De acordo com a Associação Brasileira dos Importadores de Combustíveis (Abicom), atualmente, há uma defasagem de 24% no preço da gasolina comercializada nas refinarias da Petrobras em comparação com os preços internacionais.

Dados da Agência Nacional do Petróleo, Gás Natural e Biocombustíveis (ANP) apontam que, em 2021, o litro do etanol hidratado era comercializado, em média, a R$ 3,33 na Capital. Enquanto na primeira semana deste mês o biocombustível foi a R$ 3,42, se aproximando do preço praticado há dois anos.

No comparativo com o valor máximo entre os períodos, é possível observar uma leve queda em relação ao valor de 2021. No ano passado, o litro do etanol era vendido a R$ 3,69, enquanto na semana passada o álcool era vendido a R$ 3,65, ou seja, queda de um 1,09%.

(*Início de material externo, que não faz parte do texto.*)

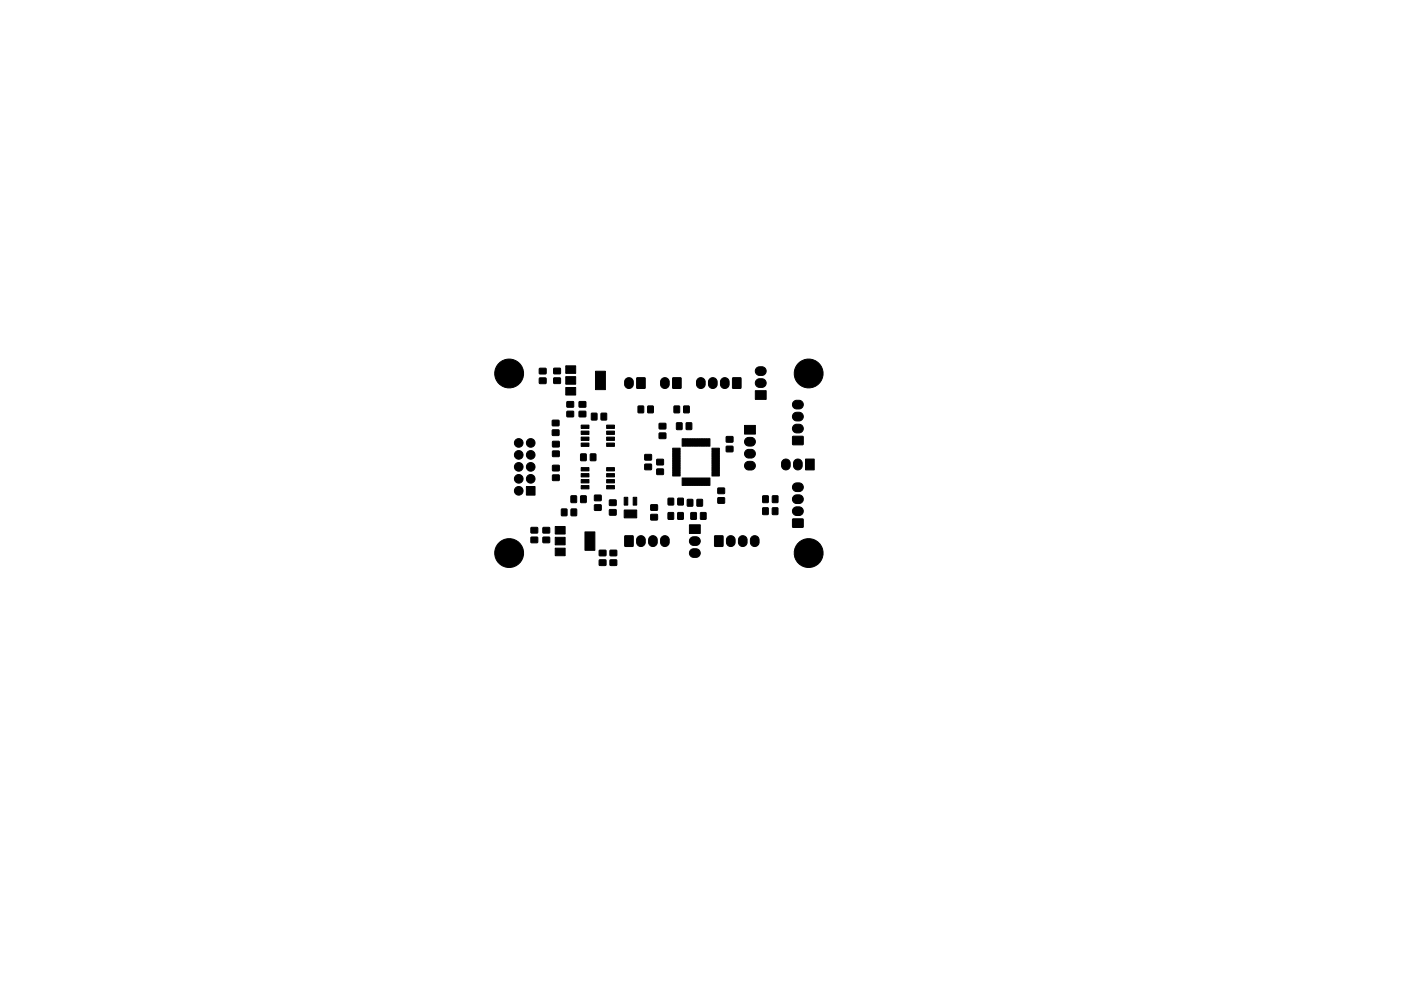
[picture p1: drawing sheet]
<svg xmlns="http://www.w3.org/2000/svg" width="297mm" height="210mm" viewBox="0 0 297 210" stroke-linecap="round" stroke-linejoin="round" font-family="sans-serif">
<g fill="#000" stroke="#000" stroke-width=".21">
<path d="M114.4 78.2l1.3-.1 .1 1.2h-1.4zM117.4 78.1h1.4v1.2h-1.4zM120 77.6h2.1v1.6h-2.1zM160.4 78.1l.5-.3h.7a.92 .92 0 0 1 .8 .9 .92 .92 0 0 1-.8 1h-.6a.93 .93 0 0 1-.8-.6 .93 .93 0 0 1 .2-1zM114.4 80.2h1.3l.1 1.1-1.4 .1zM117.1 91.2h1.4v1.1l-1.4 .1zM117.1 89.2h1.4v1.1h-1.4zM117.2 98.7h1.3l.1 1.1-1.4 .1zM117.2 95.7h1.3l.1 1.1-1.4 .1zM117.2 93.7l1.3-.1 .1 1.2h-1.4zM117.4 80.2h1.4v1.1l-1.4 .1zM120.2 87.3h1.4v1.1h-1.4z"/>
<path d="M120.2 85.2h1.4v1.1l-1.4 .1zM120 82.2h2.1v1.6h-2.1zM120 79.9h2.1v1.6h-2.1zM122.8 87.3h1.4v1.1h-1.4zM122.8 85.2h1.4v1.1l-1.4 .1zM123.1 96.3l1.2 .1-.1 1.3h-1.1zM123.2 99.2h1.7v.7h-1.7zM123.2 94h1.7v.7h-1.7zM123.2 92.7h1.7v.7h-1.7zM123.2 91.5h1.7v.7h-1.7zM123.2 90.2h1.7v.7h-1.7zM125.2 96.3l1.1 .1v1.3h-1.1z"/>
<path d="M125.4 87.7h1.2l-.1 1.4-1.1-.1zM126.3 78.8h2.1v3.9h-2.1zM127.5 87.7h1.1v1.4l-1.2-.1zM128.6 99.2h1.7v.7h-1.7zM128.6 94h1.7v.7h-1.7zM128.6 92.7h1.7v.7h-1.7zM128.6 91.5h1.7v.7h-1.7zM128.6 90.2h1.7v.7h-1.7zM132.7 80.4a.93 .93 0 0 1 1-.2 .93 .93 0 0 1 .6 .8v.5a.92 .92 0 0 1-1 .9 .92 .92 0 0 1-.9-.9v-.6zM135.3 86.2h1.2l-.1 1.4-1.1-.1zM135 80.2h1.8l-.1 2.2-1.7-.1zM136.7 98.5h1.4v1.1l-1.3 .1z"/>
<path d="M136.7 96.4h1.4v1.1l-1.3 .1zM137.4 86.2h1.1v1.4l-1.2-.1zM139.3 99.5h1.3l.1 1.1-1.4 .1zM139.3 97.5l1.3-.1 .1 1.2h-1.4zM139.8 91.9h1.3l.1 1.1-1.4 .1zM139.8 89.8h1.3l.1 1.1-1.4 .1zM140.3 80.4a.93 .93 0 0 1 1-.2 .93 .93 0 0 1 .6 .8v.5a.92 .92 0 0 1-.9 .9 .92 .92 0 0 1-1-.9l.1-.6zM142.9 86.2h1.2l-.1 1.4-1.1-.1zM142.6 95.1h1.6v5.9h-1.6zM142.6 80.2h1.8v2.2l-1.8-.1zM143.5 89.7l1.1 .1v1.3h-1.2zM144.6 93.1h5.9v1.5l-5.8 .1z"/>
<path d="M145 86.2h1.1v1.4l-1.1-.1zM145.5 89.7l1.2 .1-.1 1.3h-1.1zM147.9 80.4a.93 .93 0 0 1 1-.2 .93 .93 0 0 1 .6 .8v.5a.92 .92 0 0 1-.9 .9 .92 .92 0 0 1-.9-.9v-.6zM150.5 80.4a.93 .93 0 0 1 1-.2 .93 .93 0 0 1 .6 .8v.5a.92 .92 0 0 1-1 .9 .92 .92 0 0 1-.9-.9v-.6zM151 95.1h1.5v5.9h-1.6zM153 80.4a.93 .93 0 0 1 1-.2 .93 .93 0 0 1 .6 .8v.5a.92 .92 0 0 1-.9 .9 .92 .92 0 0 1-1-.9l.1-.6zM154 94.7h1.3l.1 1.1-1.4 .1zM154 92.6h1.3l.1 1.1-1.4 .1zM155.3 80.2h1.8v2.2l-1.8-.1zM158.1 98.1l.5-.2h.7a.92 .92 0 0 1 .9 .9 .92 .92 0 0 1-.9 .9h-.6a.92 .92 0 0 1-.8-.6 .92 .92 0 0 1 .2-1zM158.1 95.6l.5-.2 .7-.1a.92 .92 0 0 1 .9 1 .92 .92 0 0 1-.9 .9h-.6a.93 .93 0 0 1-.8-.6 .93 .93 0 0 1 .2-1zM158.1 93.1l.5-.3h.7a.92 .92 0 0 1 .9 .9 .92 .92 0 0 1-.9 .9h-.6a.92 .92 0 0 1-.8-.5 .92 .92 0 0 1 .2-1z"/>
<path d="M157.9 90.3h2.3v1.8h-2.3zM160.4 80.6l.5-.2h.7a.92 .92 0 0 1 .8 .9 .92 .92 0 0 1-.8 .9h-.6a.92 .92 0 0 1-.8-.6 .92 .92 0 0 1 .2-1zM160.1 82.9h2.3v1.8h-2.3zM166 97.7a.92 .92 0 0 1 1-.2 .92 .92 0 0 1 .5 .8v.5a.92 .92 0 0 1-.9 .9 .92 .92 0 0 1-.9-.9v-.7zM168.5 97.7a.92 .92 0 0 1 1-.2 .92 .92 0 0 1 .6 .8v.5a.92 .92 0 0 1-.9 .9 .92 .92 0 0 1-1-.9l.1-.7zM168.3 90.3l.5-.3h.6a.92 .92 0 0 1 .9 .9 .92 .92 0 0 1-.9 .9h-.5a.92 .92 0 0 1-.8-.5 .92 .92 0 0 1 .2-1zM168.3 87.7l.5-.2h.6a.92 .92 0 0 1 .9 .9 .92 .92 0 0 1-.9 .9h-.5a.93 .93 0 0 1-.8-.6 .93 .93 0 0 1 .2-1zM168.3 85.2l.5-.3h.6a.92 .92 0 0 1 .9 .9 .92 .92 0 0 1-.9 1h-.5a.92 .92 0 0 1-.8-.6 .92 .92 0 0 1 .2-1zM168.1 92.6h2.1l.1 1.7-2.2 .1zM170.8 97.4h1.8v2.3h-1.8zM111.6 103.2h1.8v1.8h-1.8zM112.6 114h1.3l.1 1.1h-1.4z"/>
<path d="M112.6 111.9h1.3l.1 1.1-1.4 .1zM115.1 114h1.4v1.1h-1.3zM115.1 111.9h1.4v1.1l-1.3 .1zM117.2 100.8h1.3l.1 1.1h-1.4zM117.7 116.3h2.1v1.6h-2.1zM117.7 114h2.1v1.6h-2.1zM117.7 111.7h2.1v1.6h-2.1zM119 108h1.2v1.4h-1.2zM121.1 105.2l1.1 .1v1.3h-1.1zM121.1 108h1.2l-.1 1.4h-1.1zM123.1 105.2l1.2 .1-.1 1.3h-1.1zM123.2 103h1.7v.7h-1.7z"/>
<path d="M123.2 101.8h1.7v.7h-1.7zM123.2 100.5h1.7v.7h-1.7zM124 112.9h2.1v3.9h-2.1zM126.1 107.1h1.3l.1 1.1-1.4 .1zM126.1 105.1l1.3-.1 .1 1.2h-1.4zM127.1 118.8h1.3l.1 1.1-1.4 .1zM127.1 116.8l1.3-.1 .1 1.2h-1.4zM128.6 103h1.7v.7h-1.7zM128.6 101.8h1.7v.7h-1.7zM128.6 100.5h1.7v.7h-1.7zM129.2 108.1h1.4v1.1l-1.3 .1zM129.2 106.1h1.4v1.1h-1.3z"/>
<path d="M129.4 118.8h1.3l.1 1.1-1.4 .1zM129.4 116.8l1.3-.1 .1 1.2h-1.4zM132.3 105.5h.8v1.7h-.8zM132.5 113.7h1.7v2.2h-1.7zM132.3 108.2h2.7v1.7h-2.7zM134.2 105.5h.8v1.7h-.8zM135.2 113.9a.92 .92 0 0 1 1-.2 .92 .92 0 0 1 .6 .8v.6a.92 .92 0 0 1-.9 .9 .92 .92 0 0 1-.9-.9v-.7zM137.8 113.9a.92 .92 0 0 1 1-.2 .92 .92 0 0 1 .6 .8v.6a.92 .92 0 0 1-1 .9 .92 .92 0 0 1-.9-.9v-.7zM138 109.2l1.3-.1 .1 1.2h-1.4zM138 107.1h1.3l.1 1.1-1.4 .1zM140.3 113.9a.92 .92 0 0 1 1-.2 .92 .92 0 0 1 .6 .8v.6a.92 .92 0 0 1-.9 .9 .92 .92 0 0 1-1-.9l.1-.7zM141.7 108.8h1.1v1.4l-1.2-.1z"/>
<path d="M141.7 105.7l1.1 .1v1.3h-1.2zM143.7 108.8h1.2l-.1 1.4-1.1-.1zM143.7 105.7l1.2 .1-.1 1.3h-1.1zM144.6 101.4h5.9v1.6h-5.8zM145.7 106h1.2l-.1 1.4-1.1-.1zM146.5 108.8h1.1v1.4l-1.1-.1zM146.4 116.7l.5-.3h.7a.92 .92 0 0 1 .9 .9 .92 .92 0 0 1-.9 1h-.6a.93 .93 0 0 1-.8-.6 .93 .93 0 0 1 .2-1zM146.4 114.1l.5-.2h.7a.92 .92 0 0 1 .9 .9 .92 .92 0 0 1-.9 .9h-.6a.93 .93 0 0 1-.8-.6 .93 .93 0 0 1 .2-1zM146.2 111.3h2.3v1.9h-2.3zM147.8 106h1.1v1.4l-1.1-.1zM148.5 108.8h1.2l-.1 1.4-1.1-.1zM151.5 113.7h1.8l-.1 2.2h-1.7z"/>
<path d="M152.2 105.6h1.4v1.1l-1.4 .1zM152.2 103.6l1.4-.1v1.2h-1.4zM154.3 113.9a.92 .92 0 0 1 1-.2 .92 .92 0 0 1 .6 .8v.6a.92 .92 0 0 1-1 .9 .92 .92 0 0 1-.9-.9v-.7zM156.8 113.9a.92 .92 0 0 1 1-.2 .92 .92 0 0 1 .6 .8v.6a.92 .92 0 0 1-.9 .9 .92 .92 0 0 1-.9-.9v-.7zM159.4 113.9a.92 .92 0 0 1 1-.2 .92 .92 0 0 1 .5 .8v.6a.92 .92 0 0 1-.9 .9 .92 .92 0 0 1-.9-.9v-.7zM161.7 107.8h1.2l-.1 1.4-1.1-.1zM161.7 105.2l1.2 .1-.1 1.3h-1.1zM163.8 107.8h1.1v1.4l-1.2-.1zM163.8 105.2l1.1 .1v1.3h-1.1zM168.3 102.7l.5-.2h.6a.92 .92 0 0 1 .9 .9 .92 .92 0 0 1-.9 .9h-.5a.92 .92 0 0 1-.8-.6 .92 .92 0 0 1 .2-1zM168.3 107.8l.5-.3h.6a.92 .92 0 0 1 .9 1 .92 .92 0 0 1-.9 .9h-.5a.92 .92 0 0 1-.8-.6 .92 .92 0 0 1 .2-1zM168.3 105.3l.5-.3h.6a.92 .92 0 0 1 .9 .9 .92 .92 0 0 1-.9 .9h-.5a.92 .92 0 0 1-.8-.6 .92 .92 0 0 1 .2-.9z"/>
<path d="M168.1 110.1h2.1l.1 1.7-2.2 .1z"/>
<circle cx="107.9" cy="79.2" r="3.1"/>
<circle cx="171.4" cy="79.2" r="3.1"/>
<circle cx="110" cy="94" r=".92"/>
<circle cx="110" cy="99.1" r=".92"/>
<circle cx="110" cy="96.5" r=".92"/>
<circle cx="112.5" cy="99.1" r=".92"/>
<circle cx="112.5" cy="94" r=".92"/>
<circle cx="112.5" cy="96.5" r=".92"/>
<circle cx="107.9" cy="117.3" r="3.1"/>
<circle cx="110" cy="104.1" r=".92"/>
<circle cx="110" cy="101.6" r=".92"/>
<circle cx="112.5" cy="101.6" r=".92"/>
<circle cx="171.4" cy="117.3" r="3.1"/>
</g>
</svg>

Ainda de acordo com os dados da ANP, os valores mínimos encontrados em Campo Grande foram R$ 3,15, em 2021, e R$ 3,29, neste ano. 

O mestre em Economia Lucas Mikael explica os fatores que podem afetar os valores do produto. “Sempre que a gasolina sobe, há espaço para aumento do etanol. E sempre que a gasolina cai o produtor de etanol não consegue vender se não baixar o preço também”, afirma.

Como o preço da gasolina está em queda, o economista explica que o consumidor vai naturalmente abastecer mais com o derivado de petróleo. E, com a baixa demanda pelo biocombustível, os produtores tendem a reduzir o preço cobrado das distribuidoras, que repassam para as revendas e para o consumidor na tentativa de que o etanol seja competitivo em relação à gasolina.

“É importante destacar também que há fatores secundários que afetam o preço do etanol, como a entressafra e questões climáticas, realidade vivida atualmente no Estado”, ressalta Mikael.

Na comparação de preços, o etanol está competitivo em relação à gasolina. Para que a troca compense, é preciso dividir o valor do etanol pelo da gasolina e o resultado deve ficar abaixo de 0,7. Por exemplo, ao dividir R$ 3,42 (etanol) por R$ 5,07 (preço médio da gasolina), o resultado é 0,6, ou seja, a troca compensa em Campo Grande. 

PRODUÇÃO

Confirmando o cenário favorável do biocombustível, Mato Grosso do Sul se destaca como segundo na produção de etanol no País, ficando atrás somente de Mato Grosso na safra 2022/2023, conforme aponta levantamento da União Nacional do Etanol de Milho (Unem). 

De acordo com a entidade, a produção de apenas uma usina em operação no Estado correspondeu a 21,91% do volume de etanol de milho produzido no Brasil na safra do ano passado.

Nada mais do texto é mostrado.